James Farrar: A Bitter Pill for Prime Minister Kan

On China Beat, James Farrer, Associate Professor of Sociology at Sophia University, Tokyo, writes about the reaction within Japan to the release of the Chinese boat captain detained by Japan in disputed waters:

The Japanese public seems to have reacted three ways to the release of the captain. One group, the sort who usually read the business-economics newspaper Nikkei Shinbun, was undoubtedly relieved to see the government release the captain last Saturday. As Chinese sanctions escalated into the economic sphere, including a stoppage of the export of rare metals to Japan, the worry was that this political spat would seriously affect Japan’s increasingly important economic relationship with China. It was this economic group that seemed to be making the decisions in Tokyo last week, hoping that pragmatism and mutual economic interests would prevail. The danger of this view, expressed to me by one Japanese reporter I spoke to, is that in the economic sphere the Chinese now see Japan as needing China more than China needs Japan, and will continually try to push this advantage on various fronts. Recent strikes against Japanese companies in China are a sign that more economic pressure can be expected.

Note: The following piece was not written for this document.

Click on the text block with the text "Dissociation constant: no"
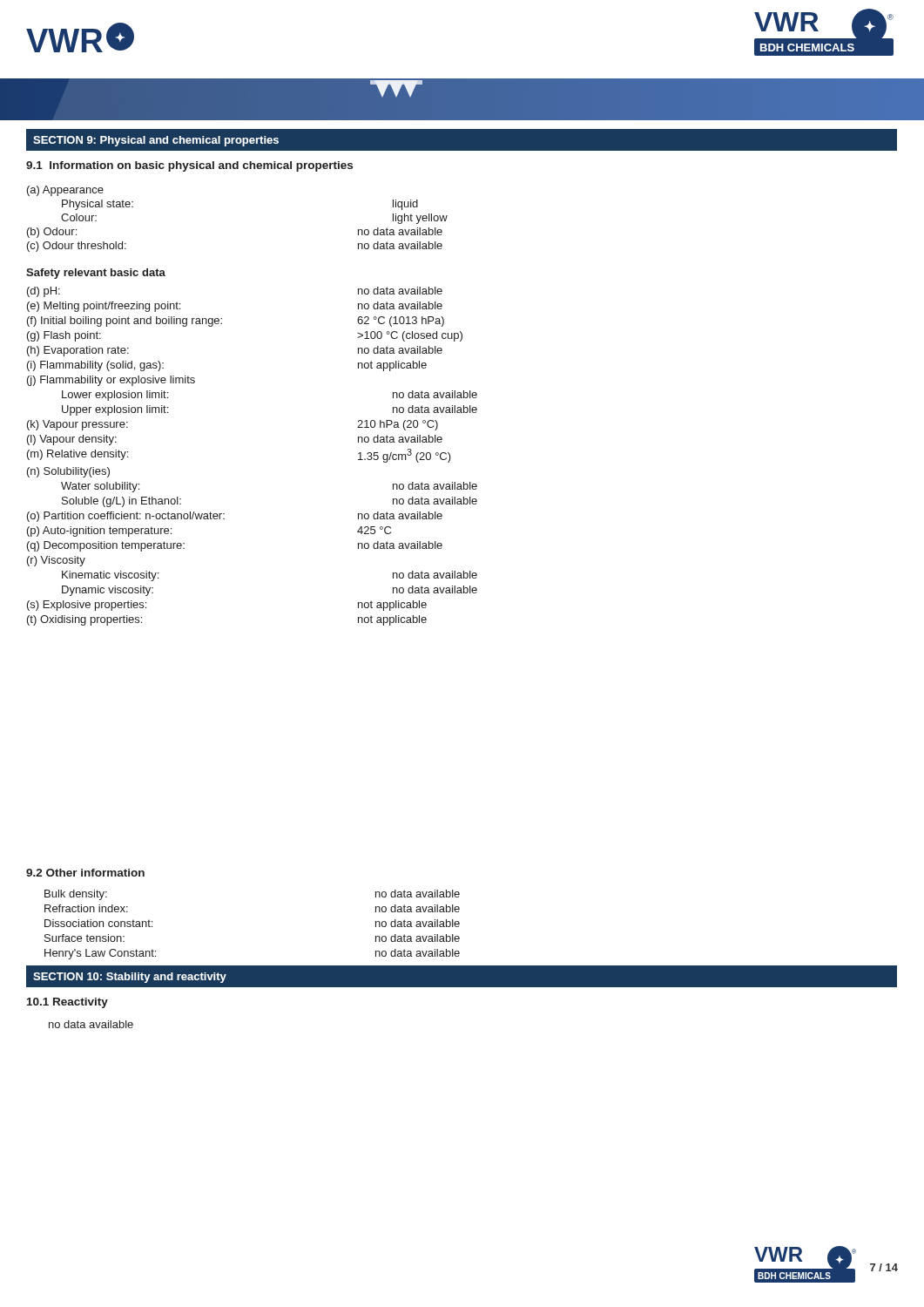This screenshot has height=1307, width=924. click(x=462, y=923)
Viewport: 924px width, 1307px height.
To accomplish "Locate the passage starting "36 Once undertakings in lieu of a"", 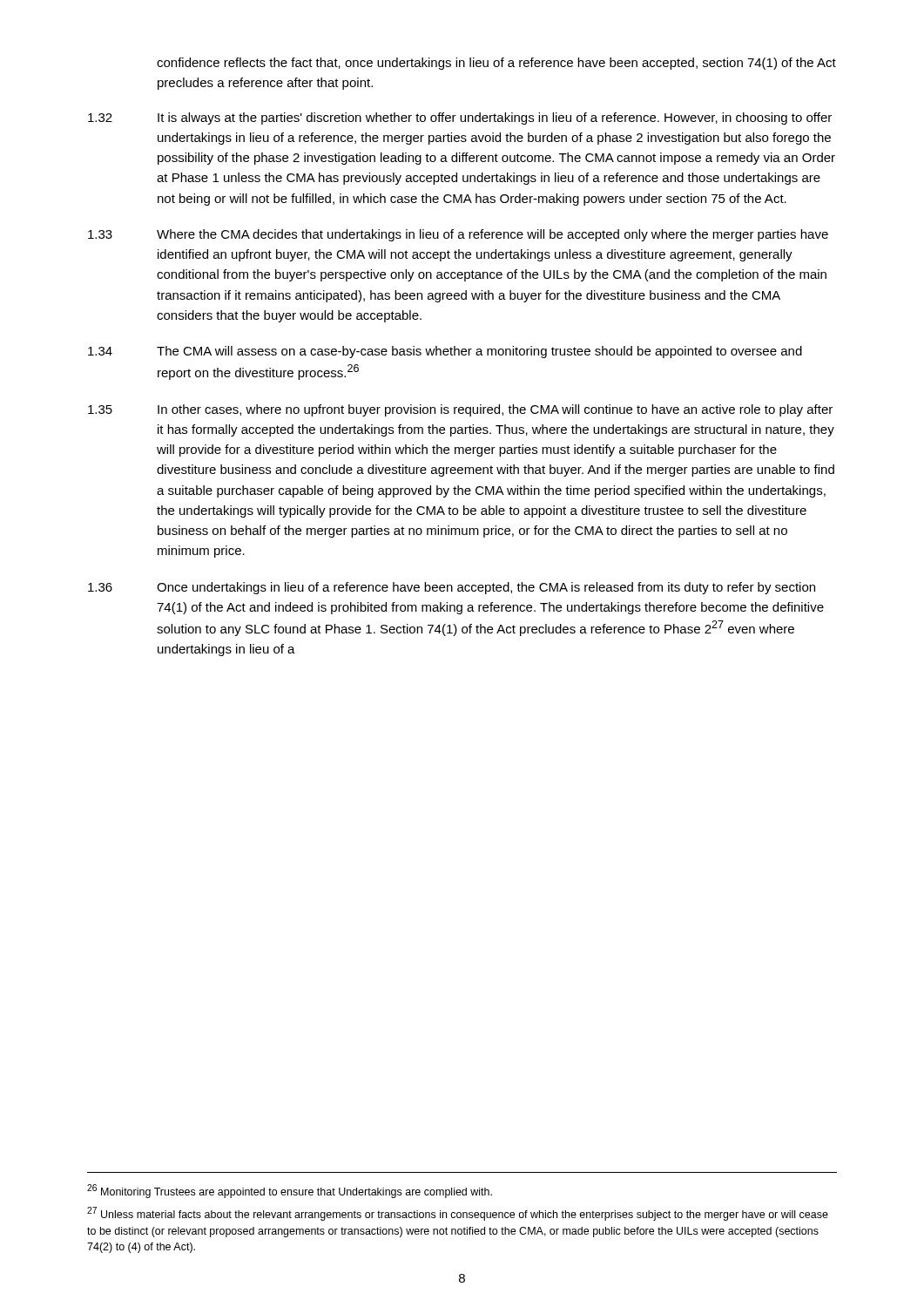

Another segment of the public, who are more likely to read the relatively liberal Asahi Shinbun, was relieved, but also dismayed. This more internationally minded group, including many Democratic Party supporters, had hoped for the past few years that Japan and China were actually improving their relations. Now the DPJ’s China policy seems to be in tatters. Talk of an “East Asian Community” and a “mutual strategic relationship” seems naive in this tense atmosphere, to say nothing of the rhetoric of “fraternal love” of the previous Prime Minister Hatoyama Yukio. Now, there is a depressing sense that no relief from Chinese pressure is forthcoming. The Chinese government is now demanding an apology and recompense for the trouble caused in the case of the hapless fisherman. This may be perceived in Japan as a signal that the Chinese government has no interest, or perhaps no incentive, in improving relations with Japan. Most troubling of all to the Japanese internationalists, the recent actions against Japan included halting exchanges between school children, and canceling tours to Japan, acts that inflame tensions between the citizens of the two countries at the societal, not simply the political, level. Many Japanese China watchers are convinced that twenty years of anti-Japanese education in China (especially under the leadership of Jiang Zemin) have produced an atmosphere in which anti-Japanese rhetoric is all-purpose political medicine that the Chinese government can apply to any problem, domestic or foreign. If this is the case, there will be little chance for true détente.

In general the leftist and liberal segments of the Japanese public are worried that China has reacted only tepidly to the efforts of the DPJ to improve relations between the two countries.